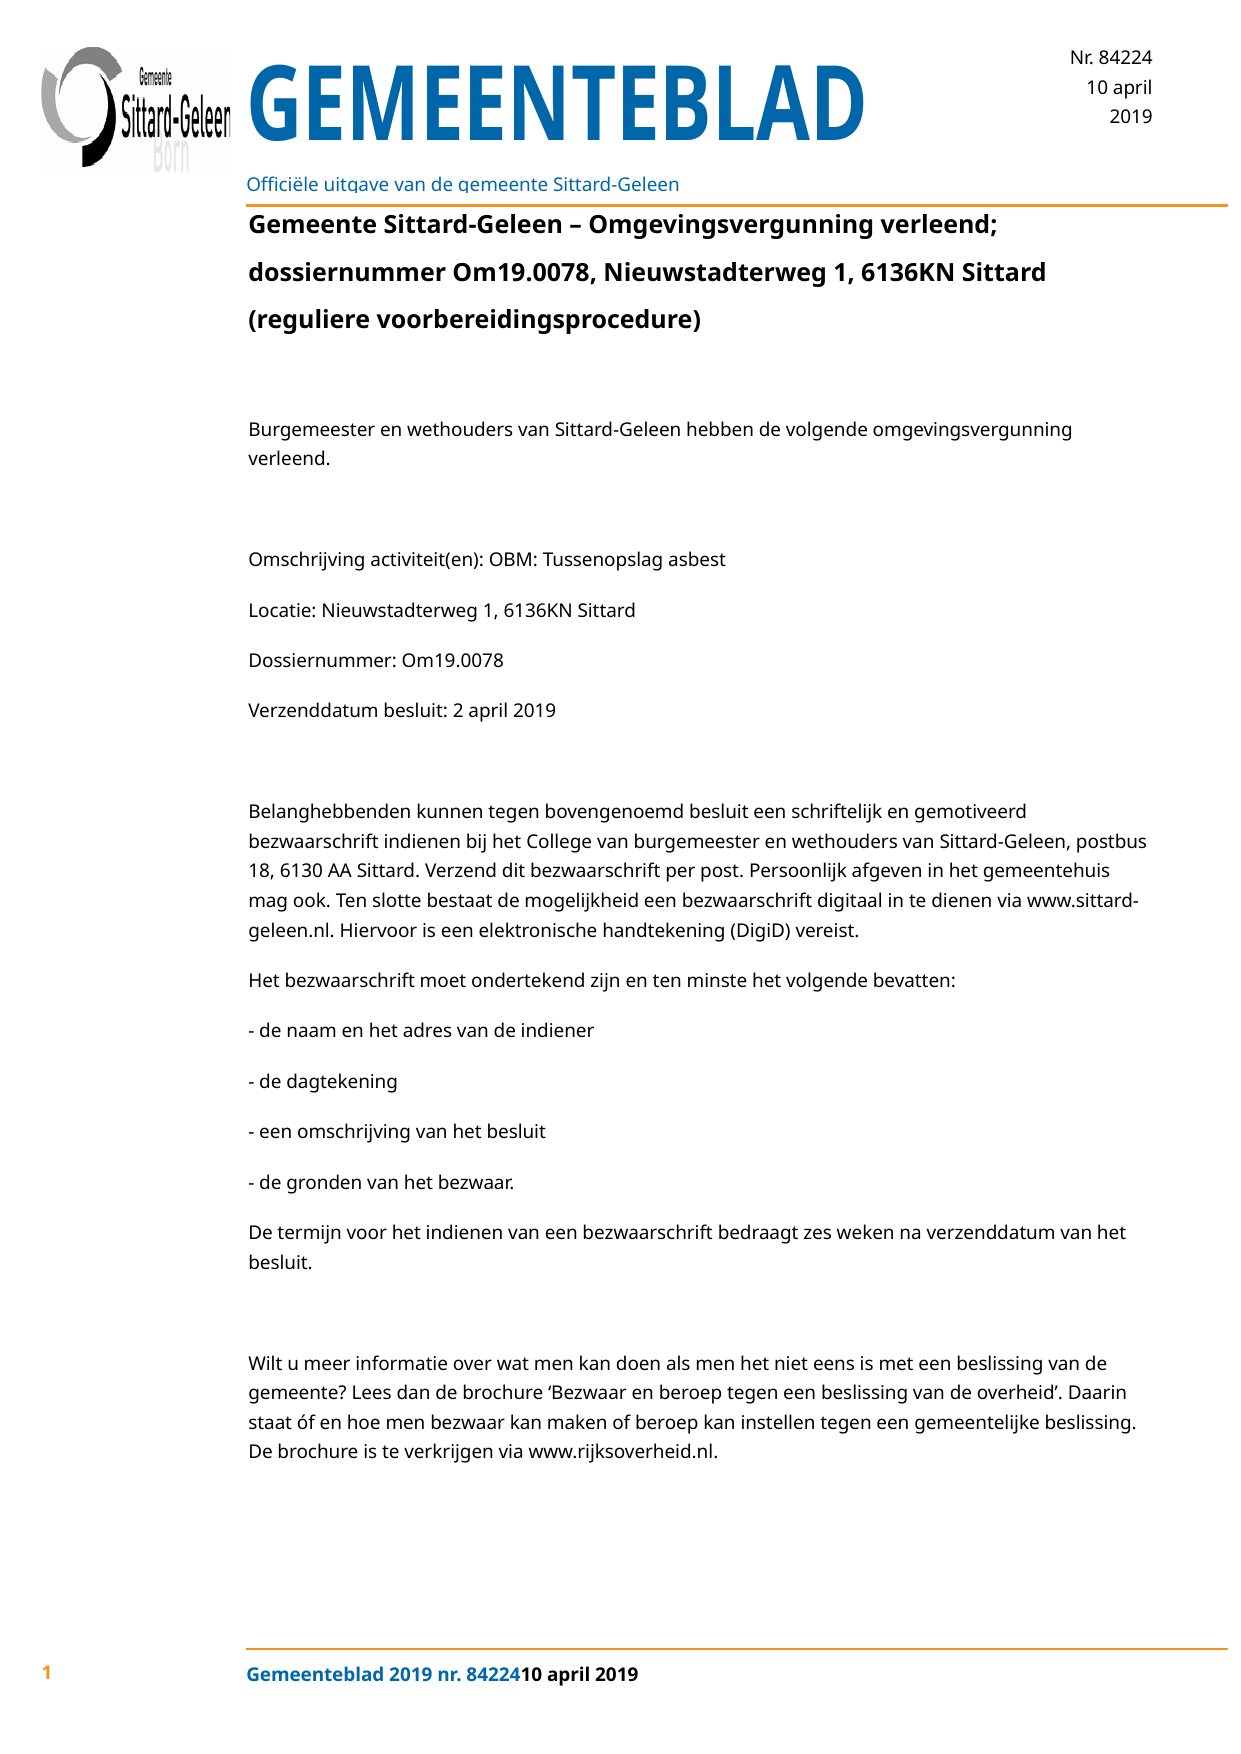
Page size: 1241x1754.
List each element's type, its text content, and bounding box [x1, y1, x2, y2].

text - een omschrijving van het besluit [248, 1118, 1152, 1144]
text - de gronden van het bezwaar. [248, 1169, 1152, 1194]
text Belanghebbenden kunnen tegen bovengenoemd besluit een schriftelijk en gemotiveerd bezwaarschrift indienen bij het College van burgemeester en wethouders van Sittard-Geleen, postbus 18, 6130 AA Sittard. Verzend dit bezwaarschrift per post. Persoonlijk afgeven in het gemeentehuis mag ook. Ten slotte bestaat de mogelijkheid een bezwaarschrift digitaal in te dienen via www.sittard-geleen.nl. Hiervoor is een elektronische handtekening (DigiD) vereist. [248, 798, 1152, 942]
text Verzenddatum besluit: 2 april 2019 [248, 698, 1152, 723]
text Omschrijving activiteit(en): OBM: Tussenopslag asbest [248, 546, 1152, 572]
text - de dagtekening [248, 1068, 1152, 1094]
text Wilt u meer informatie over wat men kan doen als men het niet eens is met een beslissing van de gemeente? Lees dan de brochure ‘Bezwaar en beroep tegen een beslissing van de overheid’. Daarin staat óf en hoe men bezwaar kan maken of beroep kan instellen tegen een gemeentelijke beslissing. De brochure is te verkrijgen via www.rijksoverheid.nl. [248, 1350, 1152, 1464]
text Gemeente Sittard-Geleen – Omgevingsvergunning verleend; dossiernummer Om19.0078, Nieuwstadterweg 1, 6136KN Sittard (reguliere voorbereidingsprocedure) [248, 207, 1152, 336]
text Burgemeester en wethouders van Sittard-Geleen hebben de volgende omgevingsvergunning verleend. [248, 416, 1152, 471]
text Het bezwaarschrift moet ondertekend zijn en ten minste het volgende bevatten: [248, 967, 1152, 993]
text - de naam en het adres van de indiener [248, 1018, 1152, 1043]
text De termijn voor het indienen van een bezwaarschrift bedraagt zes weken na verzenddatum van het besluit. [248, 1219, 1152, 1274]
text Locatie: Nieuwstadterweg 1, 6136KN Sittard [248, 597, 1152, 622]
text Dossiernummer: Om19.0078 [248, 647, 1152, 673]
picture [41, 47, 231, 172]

**Your assignment**. Look for the string "verleend" in the data above and return every line that has it.

**Response to the task**.
text Gemeente Sittard-Geleen – Omgevingsvergunning verleend; dossiernummer Om19.0078, Nieuwstadterweg 1, 6136KN Sittard (reguliere voorbereidingsprocedure) [248, 207, 1152, 336]
text Burgemeester en wethouders van Sittard-Geleen hebben de volgende omgevingsvergunning verleend. [248, 416, 1152, 471]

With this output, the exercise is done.